Donald Trump’s efforts to shape oil markets through his public statements and social media posts have started to lose their potency, as traders grow more sceptical of his claims. Over the past month, since the United States and Israel began strikes on Iran on 28 February, the oil price has risen from around $72 a barrel to just below $112 as of Friday afternoon, peaking at $118 on 19 March. Yet despite Trump’s recent assurances that talks with Iran were progressing “very well” and his announcement of a delay to military strikes on Iranian energy infrastructure until at least 6 April, oil prices maintained their upward movement rather than falling as might once have been expected. Market analysts now indicate that investors are regarding the president’s comments with considerable scepticism, viewing some statements as deliberate efforts to manipulate prices rather than genuine policy announcements.

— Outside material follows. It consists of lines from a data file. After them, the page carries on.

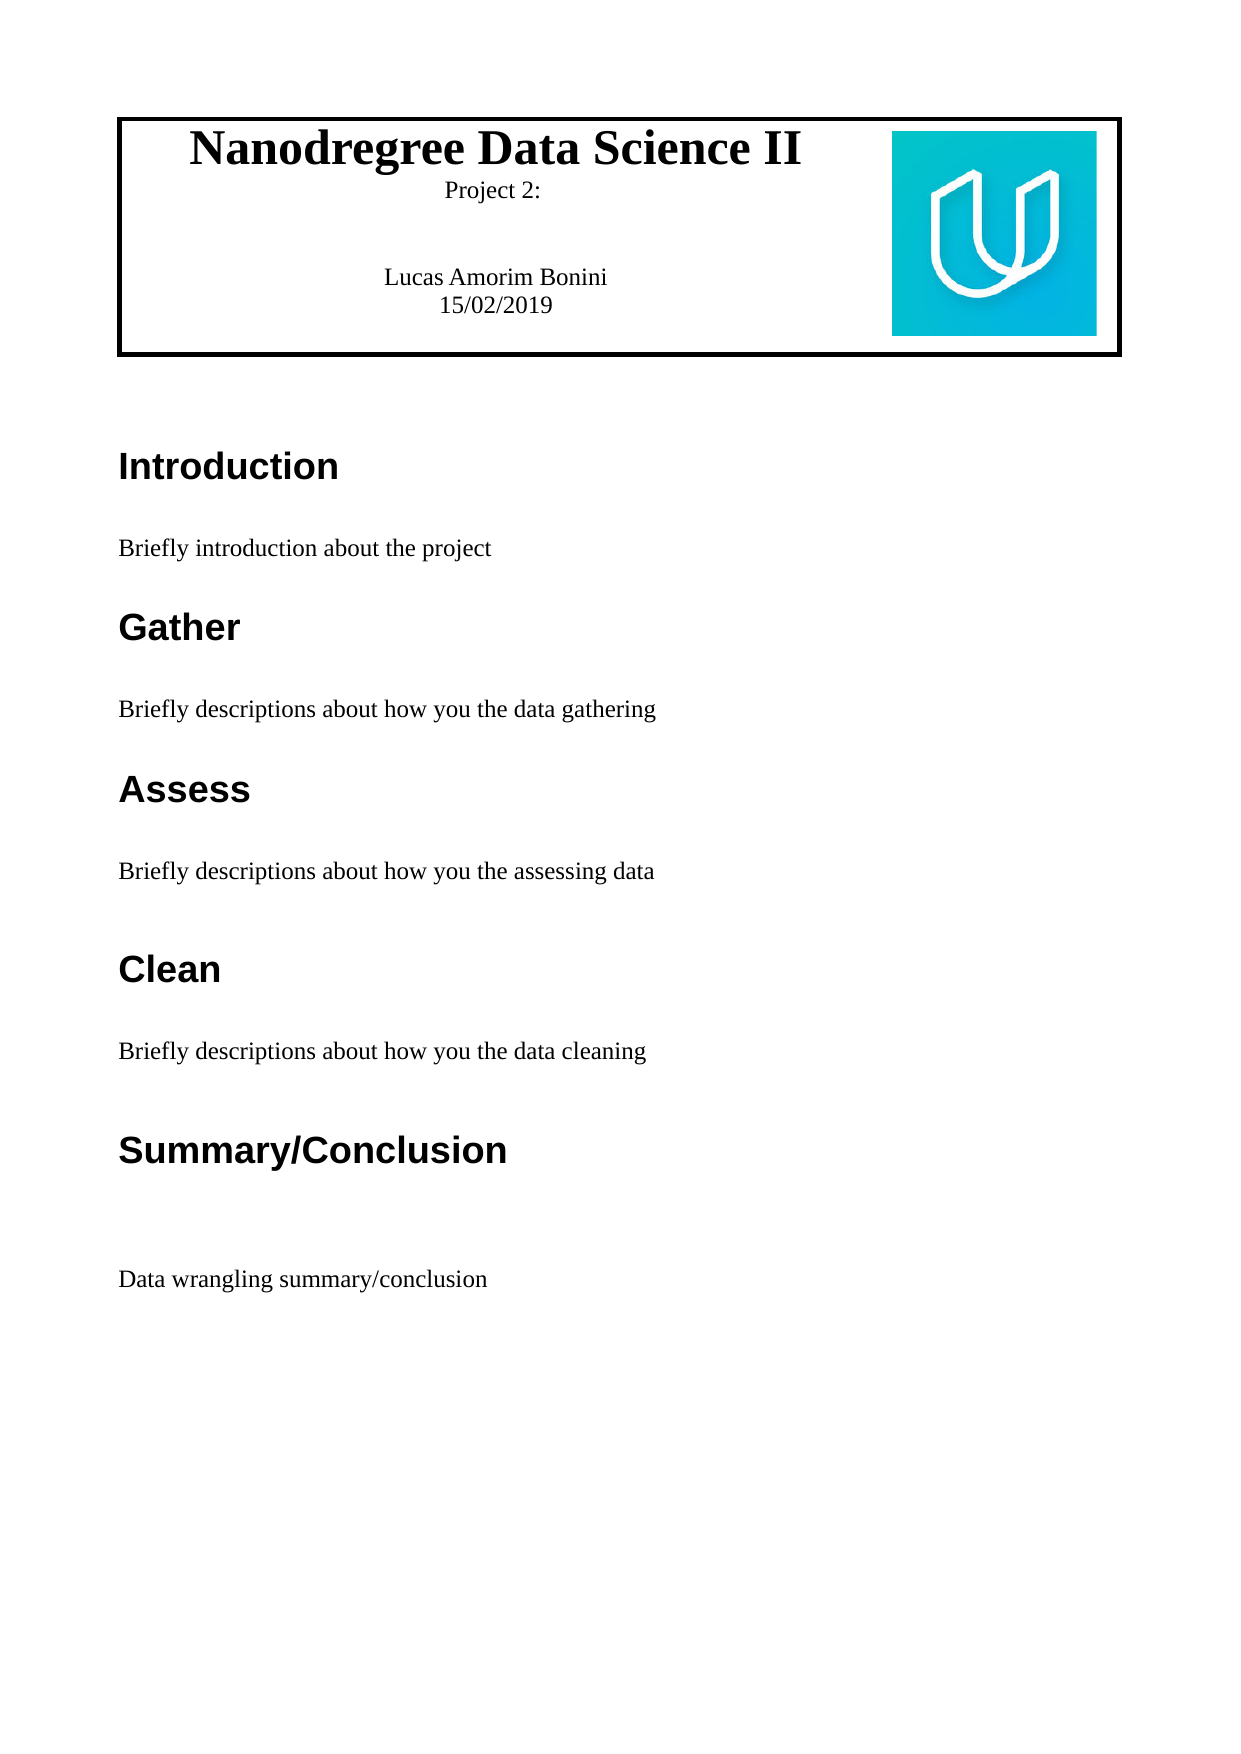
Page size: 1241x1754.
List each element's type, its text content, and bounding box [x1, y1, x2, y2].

text Briefly introduction about the project [118, 499, 1122, 561]
text Data wrangling summary/conclusion [118, 1231, 1122, 1293]
subtitle Gather [118, 605, 1122, 649]
text Nanodregree Data Science II [122, 121, 1117, 176]
text Briefly descriptions about how you the data cleaning [118, 1003, 1122, 1065]
text Briefly descriptions about how you the assessing data [118, 823, 1122, 885]
subtitle Clean [118, 947, 1122, 991]
text Lucas Amorim Bonini [122, 262, 892, 291]
subtitle Assess [118, 767, 1122, 811]
text [1097, 176, 1117, 204]
text [1097, 291, 1117, 319]
text [1097, 262, 1117, 291]
subtitle Introduction [118, 443, 1122, 487]
text Project 2: [122, 176, 892, 204]
text 15/02/2019 [122, 291, 892, 319]
picture [892, 131, 1097, 336]
text Briefly descriptions about how you the data gathering [118, 661, 1122, 723]
subtitle Summary/Conclusion [118, 1127, 1122, 1171]

The Trump-driven Impact on Global Energy Markets
The relationship between Trump’s pronouncements and oil price shifts has traditionally been quite direct. A presidential statement or tweet suggesting heightened tensions in the Iran conflict would trigger marked price gains, whilst talk of de-escalation or peaceful settlement would trigger falls. Jonathan Raymond, investment manager at Quilter Cheviot, points out that energy prices have become a proxy for broader geopolitical and economic risks, rising when Trump’s language turns aggressive and easing when his tone softens. This reactivity reflects valid investor anxieties, given the significant economic impacts that accompany increased oil prices and potential supply disruptions.

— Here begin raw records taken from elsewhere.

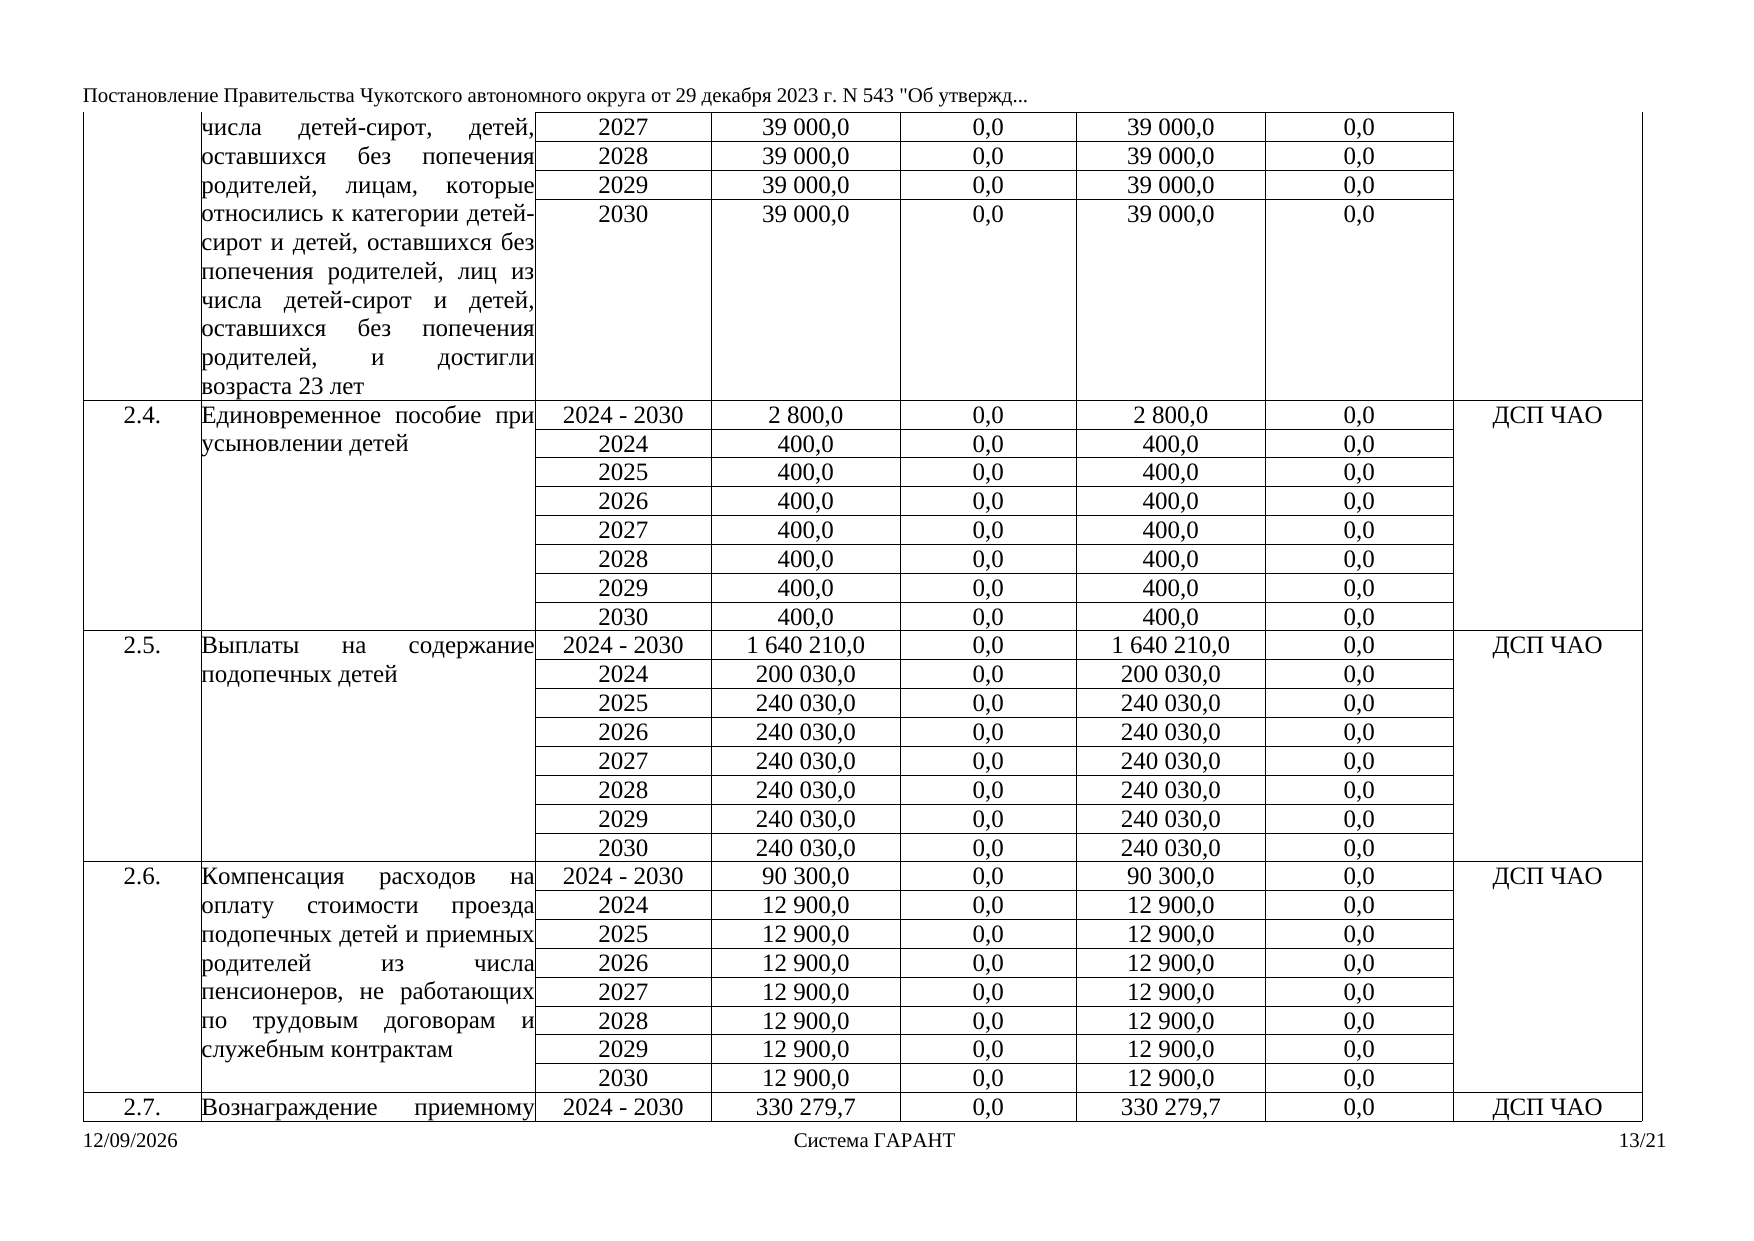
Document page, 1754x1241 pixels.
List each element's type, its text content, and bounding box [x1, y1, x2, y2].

table_cell 39 000,0 [1077, 142, 1265, 170]
table_cell 0,0 [901, 631, 1076, 659]
table_cell ДСП ЧАО [1454, 862, 1642, 1092]
table_cell 400,0 [1077, 545, 1265, 573]
table_cell 2030 [536, 834, 711, 861]
table_cell 0,0 [1266, 776, 1453, 804]
table_cell 12 900,0 [1077, 1007, 1265, 1034]
table_cell 2027 [536, 516, 711, 544]
table_cell 0,0 [1266, 545, 1453, 573]
table_cell 2028 [536, 1007, 711, 1034]
table_cell 0,0 [901, 545, 1076, 573]
table_cell 0,0 [901, 142, 1076, 170]
table_cell 0,0 [1266, 718, 1453, 746]
table_cell 0,0 [1266, 401, 1453, 429]
table_cell 0,0 [901, 747, 1076, 775]
table_cell 12 900,0 [712, 891, 900, 919]
table_cell 0,0 [901, 401, 1076, 429]
table_cell 0,0 [901, 171, 1076, 199]
table_cell 2025 [536, 920, 711, 948]
table_cell 12 900,0 [712, 978, 900, 1006]
table_cell 2026 [536, 487, 711, 515]
table_cell 0,0 [901, 574, 1076, 602]
table_cell 0,0 [1266, 1035, 1453, 1063]
table_cell 0,0 [901, 949, 1076, 977]
table_cell [84, 112, 201, 400]
table_cell 2.5. [84, 631, 201, 861]
table_cell 0,0 [901, 660, 1076, 688]
table_cell 0,0 [1266, 920, 1453, 948]
table_cell Компенсация расходов на оплату стоимости проезда подопечных детей и приемных родителей из числа пенсионеров, не работающих по трудовым договорам и служебным контрактам [202, 862, 535, 1092]
table_cell 39 000,0 [1077, 113, 1265, 141]
table_cell 0,0 [901, 689, 1076, 717]
table_cell 240 030,0 [1077, 718, 1265, 746]
table_cell 2027 [536, 747, 711, 775]
table_cell 0,0 [1266, 1064, 1453, 1092]
table_cell 240 030,0 [712, 834, 900, 861]
table_cell 0,0 [901, 113, 1076, 141]
table_cell 0,0 [1266, 603, 1453, 630]
table_cell 0,0 [901, 487, 1076, 515]
table_cell 0,0 [1266, 200, 1453, 400]
table_cell 240 030,0 [1077, 834, 1265, 861]
table_cell 0,0 [901, 430, 1076, 457]
table_cell 2025 [536, 689, 711, 717]
table_cell 400,0 [1077, 487, 1265, 515]
table_cell 2.6. [84, 862, 201, 1092]
table_cell 2025 [536, 458, 711, 486]
table_cell 0,0 [901, 458, 1076, 486]
table_cell 2030 [536, 1064, 711, 1092]
table_cell 0,0 [1266, 805, 1453, 833]
table_cell 39 000,0 [712, 142, 900, 170]
table_cell 2029 [536, 171, 711, 199]
table_cell 39 000,0 [1077, 171, 1265, 199]
table_cell 2029 [536, 1035, 711, 1063]
table_cell 0,0 [1266, 747, 1453, 775]
table_cell 400,0 [1077, 430, 1265, 457]
table_cell 12 900,0 [1077, 1035, 1265, 1063]
table_cell 2028 [536, 776, 711, 804]
table_cell 240 030,0 [712, 747, 900, 775]
table_cell 240 030,0 [712, 805, 900, 833]
table_cell 0,0 [901, 1064, 1076, 1092]
table_cell 0,0 [1266, 891, 1453, 919]
table_cell 240 030,0 [712, 689, 900, 717]
table_cell 240 030,0 [1077, 689, 1265, 717]
table_cell ДСП ЧАО [1454, 401, 1642, 630]
table_cell 2029 [536, 574, 711, 602]
table_cell 330 279,7 [1077, 1093, 1265, 1121]
table_cell 12 900,0 [712, 920, 900, 948]
table_cell Вознаграждение приемному [202, 1093, 535, 1121]
table_cell 1 640 210,0 [712, 631, 900, 659]
table_cell 0,0 [901, 718, 1076, 746]
table_cell 240 030,0 [712, 776, 900, 804]
table_cell 2028 [536, 142, 711, 170]
table_cell 39 000,0 [712, 171, 900, 199]
table_cell 90 300,0 [1077, 862, 1265, 890]
table_cell 2024 [536, 660, 711, 688]
table_cell 12 900,0 [712, 1064, 900, 1092]
table_cell 0,0 [901, 1035, 1076, 1063]
table_cell 400,0 [712, 574, 900, 602]
table_cell 2027 [536, 978, 711, 1006]
table_cell [1454, 112, 1642, 400]
table_cell 2024 - 2030 [536, 862, 711, 890]
table_cell 2028 [536, 545, 711, 573]
table_cell 12 900,0 [1077, 978, 1265, 1006]
table_cell 400,0 [712, 430, 900, 457]
table_cell 2024 - 2030 [536, 1093, 711, 1121]
table_cell 2.7. [84, 1093, 201, 1121]
table_cell числа детей-сирот, детей, оставшихся без попечения родителей, лицам, которые относились к категории детей-сирот и детей, оставшихся без попечения родителей, лиц из числа детей-сирот и детей, оставшихся без попечения родителей, и достигли возраста 23 лет [202, 112, 535, 400]
table_cell 0,0 [901, 516, 1076, 544]
table_cell 0,0 [1266, 516, 1453, 544]
table_cell 240 030,0 [1077, 805, 1265, 833]
table_cell 2026 [536, 718, 711, 746]
table_cell 200 030,0 [1077, 660, 1265, 688]
table_cell 0,0 [901, 200, 1076, 400]
table_cell 240 030,0 [1077, 776, 1265, 804]
table_cell 0,0 [901, 862, 1076, 890]
table_cell 12 900,0 [1077, 949, 1265, 977]
table_cell ДСП ЧАО [1454, 631, 1642, 861]
table_cell 330 279,7 [712, 1093, 900, 1121]
table_cell 2030 [536, 200, 711, 400]
table_cell 400,0 [1077, 458, 1265, 486]
table_cell 0,0 [1266, 113, 1453, 141]
table_cell 0,0 [1266, 487, 1453, 515]
table_cell 2029 [536, 805, 711, 833]
table_cell 12 900,0 [1077, 1064, 1265, 1092]
table_cell 0,0 [1266, 574, 1453, 602]
table_cell 0,0 [901, 891, 1076, 919]
table_cell Выплаты на содержание подопечных детей [202, 631, 535, 861]
table_cell 0,0 [901, 834, 1076, 861]
table_cell 400,0 [1077, 516, 1265, 544]
table_cell 0,0 [1266, 1093, 1453, 1121]
table_cell 0,0 [901, 978, 1076, 1006]
table_cell 0,0 [1266, 978, 1453, 1006]
table_cell 12 900,0 [712, 1035, 900, 1063]
table_cell 12 900,0 [1077, 920, 1265, 948]
table_cell 0,0 [901, 1007, 1076, 1034]
table_cell 1 640 210,0 [1077, 631, 1265, 659]
table_cell 12 900,0 [712, 949, 900, 977]
table_cell 2027 [536, 113, 711, 141]
table_cell 12 900,0 [1077, 891, 1265, 919]
table_cell 2024 [536, 891, 711, 919]
table_cell 240 030,0 [712, 718, 900, 746]
table_cell ДСП ЧАО [1454, 1093, 1642, 1121]
table_cell 0,0 [901, 805, 1076, 833]
table_cell 0,0 [1266, 171, 1453, 199]
table_cell 0,0 [1266, 689, 1453, 717]
table_cell 90 300,0 [712, 862, 900, 890]
table_cell 0,0 [1266, 834, 1453, 861]
table_cell 0,0 [1266, 430, 1453, 457]
table_cell 0,0 [1266, 631, 1453, 659]
table_cell 2024 - 2030 [536, 401, 711, 429]
table_cell 2.4. [84, 401, 201, 630]
table_cell 0,0 [1266, 862, 1453, 890]
table_cell 2024 [536, 430, 711, 457]
table_cell 400,0 [712, 487, 900, 515]
table_cell 200 030,0 [712, 660, 900, 688]
table_cell 12 900,0 [712, 1007, 900, 1034]
table_cell 0,0 [1266, 142, 1453, 170]
table_cell 0,0 [901, 920, 1076, 948]
table_cell 400,0 [1077, 574, 1265, 602]
table_cell 39 000,0 [1077, 200, 1265, 400]
table_cell 0,0 [901, 776, 1076, 804]
table_cell 400,0 [1077, 603, 1265, 630]
table_cell 2 800,0 [712, 401, 900, 429]
table_cell 2026 [536, 949, 711, 977]
table_cell 0,0 [1266, 458, 1453, 486]
table_cell 0,0 [901, 1093, 1076, 1121]
table_cell 0,0 [1266, 1007, 1453, 1034]
table_cell 400,0 [712, 516, 900, 544]
table_cell 2030 [536, 603, 711, 630]
table_cell 39 000,0 [712, 200, 900, 400]
table_cell 400,0 [712, 603, 900, 630]
table_cell 0,0 [1266, 660, 1453, 688]
table_cell 400,0 [712, 545, 900, 573]
table_cell 2024 - 2030 [536, 631, 711, 659]
table_cell 39 000,0 [712, 113, 900, 141]
table_cell 400,0 [712, 458, 900, 486]
table_cell 0,0 [1266, 949, 1453, 977]
table_cell 240 030,0 [1077, 747, 1265, 775]
table_cell Единовременное пособие при усыновлении детей [202, 401, 535, 630]
table_cell 2 800,0 [1077, 401, 1265, 429]
table_cell 0,0 [901, 603, 1076, 630]

However, this predictable pattern has started to break down as market participants doubt that Trump’s statements truly represent policy goals or are primarily designed to influence oil markets. Brian Szytel at the Bahnsen Group argues that some rhetoric surrounding productive talks seems carefully crafted to sway market behaviour rather than communicate actual policy. This growing scepticism has fundamentally altered how markets react to statements from the President. Russ Mould, investment director at AJ Bell, observes that traders have grown used to Trump shifting position in reaction to political or economic pressures, creating what he refers to “a degree of scepticism, or even downright cynicism, emerging at the edges.”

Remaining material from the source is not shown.